Today, I’m a partner in the Cooperative Society of las Indias Electrónicas, a group of cooperatives founded in 2002, in participation with Juan Urrutia and Natalia Fernández, my main companions in intellectual adventures in those years in which we attempted to materialize the possibilities of the analysis of social networks.


Las Indias and its library, managed by María, are my place in the world, my way of life and my state of mind. It’s the place I’ve always wanted to be, where you can always do something different, where my peers and I can hatch plans for new innovations and endeavors. Thanks to this, las Indias might ring a bell for having been the first to attempt the self-replication of a 3D printer (2008), for having created Ciberia and feevy (a project that sprang from comments on this very blog) in 2005, for having published (via e-moción) the first novels for mobile phones in Europe (2003), or for being the first business in the world to have a blog (2002). And it was also in this blog that we serialized, chapter by chapter and in real time, what would later become my first book in a paper edition, “11M: Networks to win a war” - which was also, as far as I know, the first book to make the leap from blog to paper.

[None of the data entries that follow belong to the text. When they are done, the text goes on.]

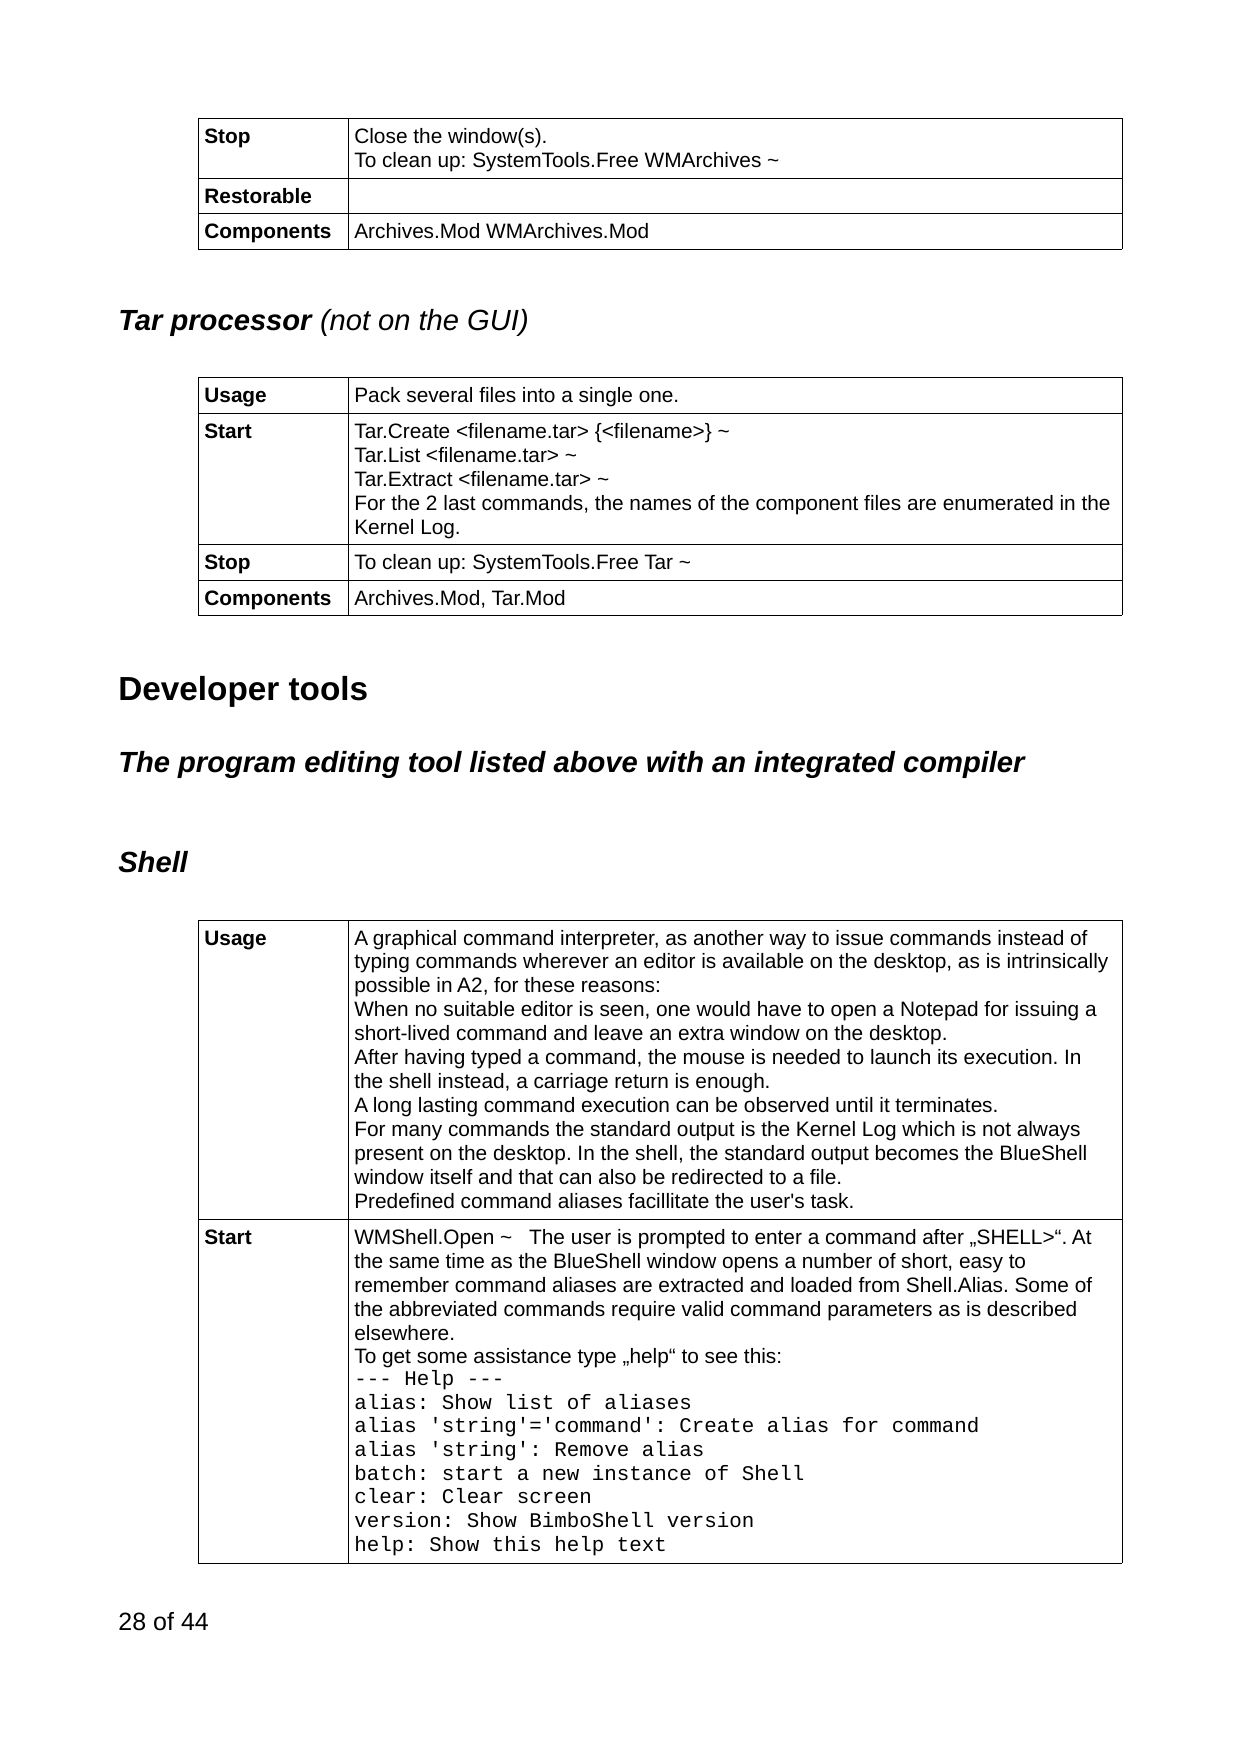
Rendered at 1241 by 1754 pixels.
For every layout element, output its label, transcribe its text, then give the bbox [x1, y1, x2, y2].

table_cell Components [199, 214, 348, 249]
table_header A graphical command interpreter, as another way to issue commands instead of typing commands wherever an editor is available on the desktop, as is intrinsically possible in A2, for these reasons: When no suitable editor is seen, one would have to open a Notepad for issuing a short-lived command and leave an extra window on the desktop. After having typed a command, the mouse is needed to launch its execution. In the shell instead, a carriage return is enough. A long lasting command execution can be observed until it terminates. For many commands the standard output is the Kernel Log which is not always present on the desktop. In the shell, the standard output becomes the BlueShell window itself and that can also be redirected to a file. Predefined command aliases facillitate the user's task. [349, 921, 1122, 1219]
table_cell Start [199, 414, 348, 544]
table_cell Stop [199, 119, 348, 178]
table_cell Stop [199, 545, 348, 580]
subtitle Tar processor (not on the GUI) [118, 302, 1122, 336]
table_header Usage [199, 921, 348, 1219]
table_cell Archives.Mod, Tar.Mod [349, 581, 1122, 615]
table_cell Start [199, 1220, 348, 1563]
table_header Pack several files into a single one. [349, 378, 1122, 413]
table_cell Archives.Mod WMArchives.Mod [349, 214, 1122, 249]
subtitle Shell [118, 845, 1122, 878]
table_cell To clean up: SystemTools.Free Tar ~ [349, 545, 1122, 580]
table_header Usage [199, 378, 348, 413]
subtitle Developer tools [118, 669, 1122, 707]
table_cell Restorable [199, 179, 348, 213]
table_cell [349, 179, 1122, 213]
table_cell Close the window(s). To clean up: SystemTools.Free WMArchives ~ [349, 119, 1122, 178]
table_cell WMShell.Open ~ The user is prompted to enter a command after „SHELL>“. At the same time as the BlueShell window opens a number of short, easy to remember command aliases are extracted and loaded from Shell.Alias. Some of the abbreviated commands require valid command parameters as is described elsewhere. To get some assistance type „help“ to see this: --- Help --- alias: Show list of aliases alias 'string'='command': Create alias for command alias 'string': Remove alias batch: start a new instance of Shell clear: Clear screen version: Show BimboShell version help: Show this help text [349, 1220, 1122, 1563]
table_cell Tar.Create <filename.tar> {<filename>} ~ Tar.List <filename.tar> ~ Tar.Extract <filename.tar> ~ For the 2 last commands, the names of the component files are enumerated in the Kernel Log. [349, 414, 1122, 544]
subtitle The program editing tool listed above with an integrated compiler [118, 745, 1122, 778]
table_cell Components [199, 581, 348, 615]

From November 2007 until the Spring of 2010 I also managed the 29th Floor Collection, an initiative between Ediciones del Cobre, the Society of las Indias Electrónicas and BBVA, in which we published 10 essays.  These were works with innovative approaches and authors working in our linguistic milieu, quite often years ahead of any Anglo-Saxon references, treating the new concepts we employed in our cultural field to begin articulating an understanding of the network society.


All the books in this collection were published, with the express consent of the authors and publishers, under the same conditions of intellectual property protection as in the traditional Public Domain.  Three books were published in this collection: “The Power of Networks”, «From Nations to Networks» and «Phyles: Economic Democracy in the Century of Networks». These last two were merged in later editions as “Phyles: From Nations to Networks”.


In October 2010, after this publishing adventure, I went on to publish my new books in the Collection of the Library de las Indias. So, with Natalia Fernández, I published “The Key is Public”. Like everything else in the collection, it’s in the public domain and you can read it on the web or download for your e-book in epub format. The bulk and the evolution of my work since 2010 can be summed up in the “Network Trilogy” (forthcoming in English), which includes “The Power of Networks”, “Phyles: From Nations to Networks” and “The Coming Futures”.


My latest essay, translated and published in various languages, was written in 2012 with Natalia Fernández and María Rodríguez. Entitled “The P2P Mode of Production”, it represents a leap forward, propelled by the crisis and the free industrial technologies, in the ideas we integrated this last decade. It might possibly be released in a paper edition during 2014.